INSTRUCTIONS TO FOLLOW:
For the listing below, print exactly the lines from the line with "#4 humanoid robot" to the line with "#12 flat transport", both included, and nothing beyond them.

RECORD EXCERPTS:
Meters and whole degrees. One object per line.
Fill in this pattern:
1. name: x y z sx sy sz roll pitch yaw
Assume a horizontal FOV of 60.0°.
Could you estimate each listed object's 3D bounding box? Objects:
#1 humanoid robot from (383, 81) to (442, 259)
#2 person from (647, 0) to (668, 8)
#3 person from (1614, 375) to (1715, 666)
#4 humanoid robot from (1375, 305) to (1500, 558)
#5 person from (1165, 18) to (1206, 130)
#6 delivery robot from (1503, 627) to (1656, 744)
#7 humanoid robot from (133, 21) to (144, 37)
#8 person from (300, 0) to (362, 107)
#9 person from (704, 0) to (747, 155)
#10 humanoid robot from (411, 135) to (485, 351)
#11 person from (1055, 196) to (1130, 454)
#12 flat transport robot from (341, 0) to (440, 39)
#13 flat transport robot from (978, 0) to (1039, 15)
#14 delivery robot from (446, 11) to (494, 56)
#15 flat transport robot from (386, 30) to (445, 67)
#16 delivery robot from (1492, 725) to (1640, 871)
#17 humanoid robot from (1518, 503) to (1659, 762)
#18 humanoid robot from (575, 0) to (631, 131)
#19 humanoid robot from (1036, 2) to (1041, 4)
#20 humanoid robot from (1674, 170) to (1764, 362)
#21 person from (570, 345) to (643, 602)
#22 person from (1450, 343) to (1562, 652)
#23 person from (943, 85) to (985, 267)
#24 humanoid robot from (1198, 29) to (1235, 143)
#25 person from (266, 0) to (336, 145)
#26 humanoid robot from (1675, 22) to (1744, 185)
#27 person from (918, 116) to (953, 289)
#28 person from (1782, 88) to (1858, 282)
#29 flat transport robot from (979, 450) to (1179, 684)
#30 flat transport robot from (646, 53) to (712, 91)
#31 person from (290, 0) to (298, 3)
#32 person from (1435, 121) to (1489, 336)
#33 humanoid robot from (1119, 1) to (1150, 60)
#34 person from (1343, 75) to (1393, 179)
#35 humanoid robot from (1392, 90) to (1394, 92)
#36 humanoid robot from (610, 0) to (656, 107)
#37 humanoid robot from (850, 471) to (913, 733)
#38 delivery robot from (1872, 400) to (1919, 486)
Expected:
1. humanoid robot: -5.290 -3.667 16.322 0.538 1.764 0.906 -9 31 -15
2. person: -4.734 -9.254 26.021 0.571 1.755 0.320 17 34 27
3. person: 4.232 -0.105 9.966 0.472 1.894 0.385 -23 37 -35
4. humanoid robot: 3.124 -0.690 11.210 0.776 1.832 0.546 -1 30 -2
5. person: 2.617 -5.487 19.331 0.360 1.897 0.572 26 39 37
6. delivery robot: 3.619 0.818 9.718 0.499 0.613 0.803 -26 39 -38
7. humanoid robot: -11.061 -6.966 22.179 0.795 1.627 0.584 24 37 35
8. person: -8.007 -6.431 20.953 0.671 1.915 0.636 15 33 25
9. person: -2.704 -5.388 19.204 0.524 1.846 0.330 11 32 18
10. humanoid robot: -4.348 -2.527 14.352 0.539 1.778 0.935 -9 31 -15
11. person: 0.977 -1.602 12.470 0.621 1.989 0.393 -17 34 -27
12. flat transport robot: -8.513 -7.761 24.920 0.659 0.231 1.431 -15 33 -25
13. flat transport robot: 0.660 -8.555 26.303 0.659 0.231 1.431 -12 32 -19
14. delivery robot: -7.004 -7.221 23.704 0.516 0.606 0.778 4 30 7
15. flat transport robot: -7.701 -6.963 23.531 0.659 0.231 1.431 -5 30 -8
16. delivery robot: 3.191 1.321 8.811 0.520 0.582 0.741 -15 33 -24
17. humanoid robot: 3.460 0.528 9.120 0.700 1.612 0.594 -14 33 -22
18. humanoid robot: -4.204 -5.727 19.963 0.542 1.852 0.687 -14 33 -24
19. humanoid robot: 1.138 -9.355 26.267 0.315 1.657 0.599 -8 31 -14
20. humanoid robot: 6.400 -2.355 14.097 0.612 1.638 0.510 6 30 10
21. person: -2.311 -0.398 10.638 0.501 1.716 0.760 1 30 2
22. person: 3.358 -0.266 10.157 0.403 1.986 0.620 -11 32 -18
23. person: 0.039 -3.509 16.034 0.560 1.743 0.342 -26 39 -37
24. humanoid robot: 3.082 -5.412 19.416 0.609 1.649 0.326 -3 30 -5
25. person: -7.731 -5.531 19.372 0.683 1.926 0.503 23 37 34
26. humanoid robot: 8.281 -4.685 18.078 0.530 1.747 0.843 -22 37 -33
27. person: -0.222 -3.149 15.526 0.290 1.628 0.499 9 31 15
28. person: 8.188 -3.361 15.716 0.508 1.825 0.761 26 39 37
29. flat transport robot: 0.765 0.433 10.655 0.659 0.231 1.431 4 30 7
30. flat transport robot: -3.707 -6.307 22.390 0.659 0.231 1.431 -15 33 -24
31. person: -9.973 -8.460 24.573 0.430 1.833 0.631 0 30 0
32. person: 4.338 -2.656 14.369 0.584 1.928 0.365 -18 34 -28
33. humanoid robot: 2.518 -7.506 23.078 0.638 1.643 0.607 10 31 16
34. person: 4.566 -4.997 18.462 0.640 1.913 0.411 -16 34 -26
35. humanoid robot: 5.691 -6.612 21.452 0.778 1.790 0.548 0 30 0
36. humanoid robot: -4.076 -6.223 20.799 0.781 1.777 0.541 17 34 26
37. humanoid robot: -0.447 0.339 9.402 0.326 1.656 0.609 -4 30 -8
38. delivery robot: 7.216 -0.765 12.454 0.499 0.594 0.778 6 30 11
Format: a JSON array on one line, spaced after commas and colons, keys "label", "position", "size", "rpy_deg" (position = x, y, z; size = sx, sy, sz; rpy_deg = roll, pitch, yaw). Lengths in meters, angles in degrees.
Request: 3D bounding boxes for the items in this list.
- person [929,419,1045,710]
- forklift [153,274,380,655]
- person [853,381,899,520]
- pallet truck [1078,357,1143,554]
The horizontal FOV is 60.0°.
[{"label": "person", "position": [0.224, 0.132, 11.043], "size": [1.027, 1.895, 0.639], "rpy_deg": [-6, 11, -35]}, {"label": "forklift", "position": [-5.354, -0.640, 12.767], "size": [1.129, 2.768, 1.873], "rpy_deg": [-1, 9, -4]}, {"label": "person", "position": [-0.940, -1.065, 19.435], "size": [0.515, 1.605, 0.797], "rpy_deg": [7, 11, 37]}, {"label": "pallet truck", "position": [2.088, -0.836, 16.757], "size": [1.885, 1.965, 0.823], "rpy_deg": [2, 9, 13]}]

RESPONSE TO THIS TASK:
#4 humanoid robot from (1375, 305) to (1500, 558)
#5 person from (1165, 18) to (1206, 130)
#6 delivery robot from (1503, 627) to (1656, 744)
#7 humanoid robot from (133, 21) to (144, 37)
#8 person from (300, 0) to (362, 107)
#9 person from (704, 0) to (747, 155)
#10 humanoid robot from (411, 135) to (485, 351)
#11 person from (1055, 196) to (1130, 454)
#12 flat transport robot from (341, 0) to (440, 39)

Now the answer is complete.